Maybe they give you a bed in a room while you are dilating, what will you tell me why do you want a woman dilating a bed, if you prefer to be anywhere but lying down, maybe you put a monitor with some straps on your belly and "don't move much, honey, if not, we don't hear it and your baby could be wrong without us knowing," when lack of mobility is the worst thing you can promote when a woman needs precisely freedom to choose at any moment the position that suits her and when it has been observed that discontinuous monitoring helps to have fewer caesarean sections without increasing the health risk of babies (The inventor of the monitor for continuous fetal control said long ago that he was very happy with the impact his invention had had, but that he would like it to be used only for moms who really need it, which is for those that were invented) .

Maybe they will put you down to give birth, in a bed that is articulated by a lot of places in case you want to give birth sitting, but that they leave it lying down so that it ends up being an articulated bed without articulating, that is, a bed like those of all life and you there with your legs up as if you were going to operate from there down, uncomfortable at best and not all because you are sick until proven otherwise.

Sick that "you have a very rigid perineum, honey, and the baby will not be able to leave, so we will help you" (and if you want to thank us later) making you an episiotomy, a beautiful cut the sea of ​​useless in the Most cases that only serve to annoy and promote complications in the area, as many end up with a greater tear than would have occurred naturally. Notice that it is estimated that in a normal, natural birth, with the best possible conditions, tears occur in, more or less, one in three deliveries. Something like thirty-five percent against the 90% of episiotomies that were practiced in Spain less than ten years ago. The WHO states that the rate of episiotomies should be 10-20%, because it can be a useful intervention in case of needing to accelerate the exit of the baby for some reason of urgency, but from there to do it all there is an abyss, since I refer the figures.

Bringing a baby to the world is something impressive

I don't know because I haven't lived it and I will never live it, but Bringing a baby into the world is something that seems impressive to me. Yes, I know that almost all women do it and that this happens every day, but at the experiential level it must be brutal. It is not something that happens many times in life, in fact. My mother lived it up to six times, Miriam on three occasions, and it is such a brief moment if we compare it with the rest of our life experiences that should serve to make women feel somewhat powerful, grandiose, full of life , of magic, of ... I don't know, of feelings of self-confidence, of having done something big.

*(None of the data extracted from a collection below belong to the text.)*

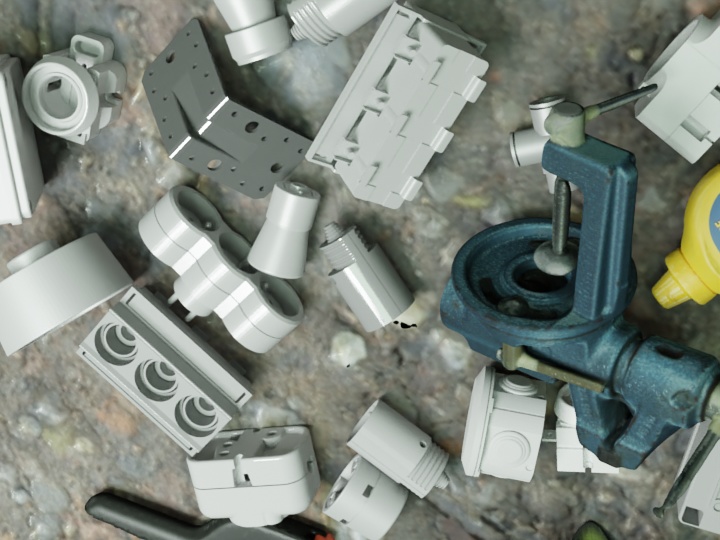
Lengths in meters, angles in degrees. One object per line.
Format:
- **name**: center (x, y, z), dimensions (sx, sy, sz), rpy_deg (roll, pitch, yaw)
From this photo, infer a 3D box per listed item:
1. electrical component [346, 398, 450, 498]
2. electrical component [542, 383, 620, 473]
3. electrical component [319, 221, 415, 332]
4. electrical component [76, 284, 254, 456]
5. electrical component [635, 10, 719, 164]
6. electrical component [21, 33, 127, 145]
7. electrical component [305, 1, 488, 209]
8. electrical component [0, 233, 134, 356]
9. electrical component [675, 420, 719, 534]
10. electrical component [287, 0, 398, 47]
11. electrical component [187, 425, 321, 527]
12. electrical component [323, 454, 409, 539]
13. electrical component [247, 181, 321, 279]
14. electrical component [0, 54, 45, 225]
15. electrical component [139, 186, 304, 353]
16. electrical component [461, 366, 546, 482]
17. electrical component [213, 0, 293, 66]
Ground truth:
- **electrical component**: center (0.034, 0.140, 0.827), dimensions (0.081, 0.043, 0.043), rpy_deg (37, 113, -1)
- **electrical component**: center (0.166, 0.114, 0.784), dimensions (0.066, 0.048, 0.055), rpy_deg (0, 117, 14)
- **electrical component**: center (0.000, 0.000, 0.785), dimensions (0.043, 0.043, 0.081), rpy_deg (-31, 99, 22)
- **electrical component**: center (-0.147, 0.074, 0.837), dimensions (0.121, 0.063, 0.078), rpy_deg (43, 113, -4)
- **electrical component**: center (0.220, -0.123, 0.683), dimensions (0.056, 0.050, 0.089), rpy_deg (39, 113, -2)
- **electrical component**: center (-0.209, -0.129, 0.783), dimensions (0.058, 0.057, 0.078), rpy_deg (19, 113, 7)
- **electrical component**: center (0.029, -0.107, 0.722), dimensions (0.079, 0.063, 0.121), rpy_deg (14, 119, -36)
- **electrical component**: center (-0.234, 0.012, 0.815), dimensions (0.108, 0.108, 0.060), rpy_deg (-29, 94, 21)
- **electrical component**: center (0.290, 0.136, 0.755), dimensions (0.109, 0.056, 0.108), rpy_deg (15, 112, 8)
- **electrical component**: center (-0.013, -0.181, 0.723), dimensions (0.081, 0.043, 0.043), rpy_deg (-31, 99, 21)
- **electrical component**: center (-0.083, 0.165, 0.859), dimensions (0.095, 0.053, 0.059), rpy_deg (-7, 107, 16)
- **electrical component**: center (0.005, 0.179, 0.842), dimensions (0.047, 0.055, 0.055), rpy_deg (34, 114, -4)
- **electrical component**: center (-0.053, -0.032, 0.789), dimensions (0.044, 0.044, 0.065), rpy_deg (20, 108, 6)
- **electrical component**: center (-0.271, -0.095, 0.779), dimensions (0.056, 0.108, 0.108), rpy_deg (-9, 108, -8)
- **electrical component**: center (-0.115, 0.010, 0.812), dimensions (0.074, 0.052, 0.138), rpy_deg (-41, 95, 23)
- **electrical component**: center (0.104, 0.113, 0.781), dimensions (0.051, 0.080, 0.080), rpy_deg (10, 111, 5)
- **electrical component**: center (-0.074, -0.174, 0.740), dimensions (0.045, 0.045, 0.055), rpy_deg (-14, 106, 18)
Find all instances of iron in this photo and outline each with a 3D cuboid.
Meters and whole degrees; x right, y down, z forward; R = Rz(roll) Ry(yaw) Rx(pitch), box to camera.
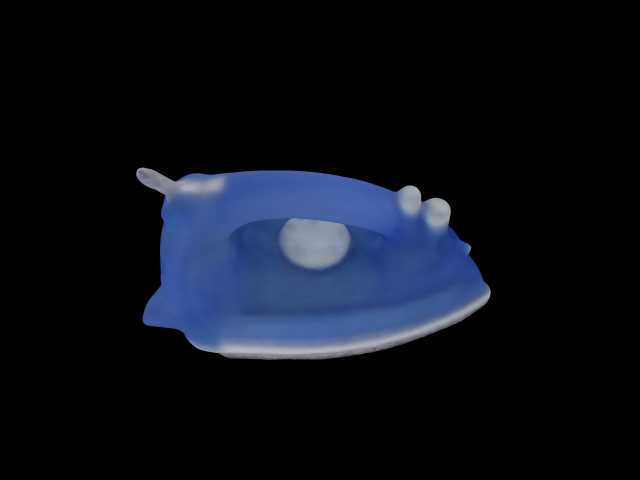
[{"bbox_3d":[0.004,0.001,0.400,0.258,0.141,0.118,0,53,0],"label":"iron"}]
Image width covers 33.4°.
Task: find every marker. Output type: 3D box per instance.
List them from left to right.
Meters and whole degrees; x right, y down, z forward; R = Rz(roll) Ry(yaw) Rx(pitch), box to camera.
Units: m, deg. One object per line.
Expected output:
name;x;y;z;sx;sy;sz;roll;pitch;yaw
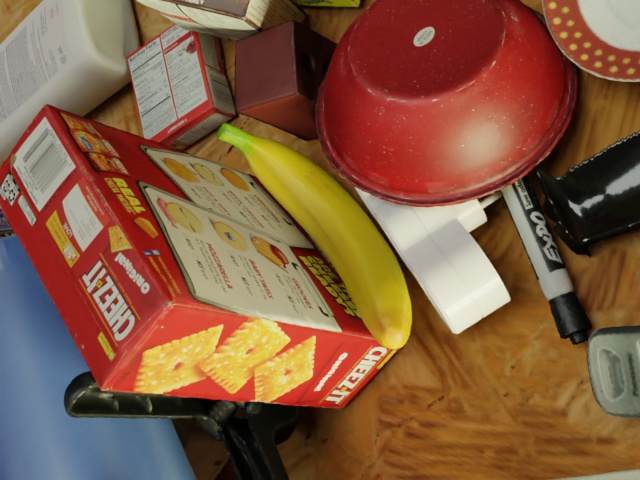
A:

Of course, if you arrive at the hospital and they treat you like the opposite, like a sick woman about to go into a coma, that "as the thing turns we put you in the ICU," what do you want me to say ... I doubt much that a woman giving birth like this goes out with those feelings that I comment. At the most he will be thanking him because luckily he had some professionals who put the monitors at all times, who asked him a thousand times how he was doing, who did not know how many touches to see how it evolved, who did an episiotomy and even they had to squeeze her belly down because the baby didn't want to leave, and thanks to all this her son is healthy and alive and she is too.

Luckily something is moving, many things are already changing in some centers and this in a few years will be anecdotes of the level of infantilization or "sickness" to which women were subjected. Until then, there we go, fighting for women to be simply pregnant: pregnant yes, sick no.

Photos | Joelle Inge-Messerschmidt, Altus Geldenhuys on Flickr In Babies and more | "In the delivery care the emotions have been neglected." Interview with the doula Carolina Cerro, A pregnant woman is not a sick person ... but how is it appreciated that they give you the seat sometimes, How does the relationship between professionals and women influence the birth process

Video: 39 Weeks PREGNANT! (May 2024).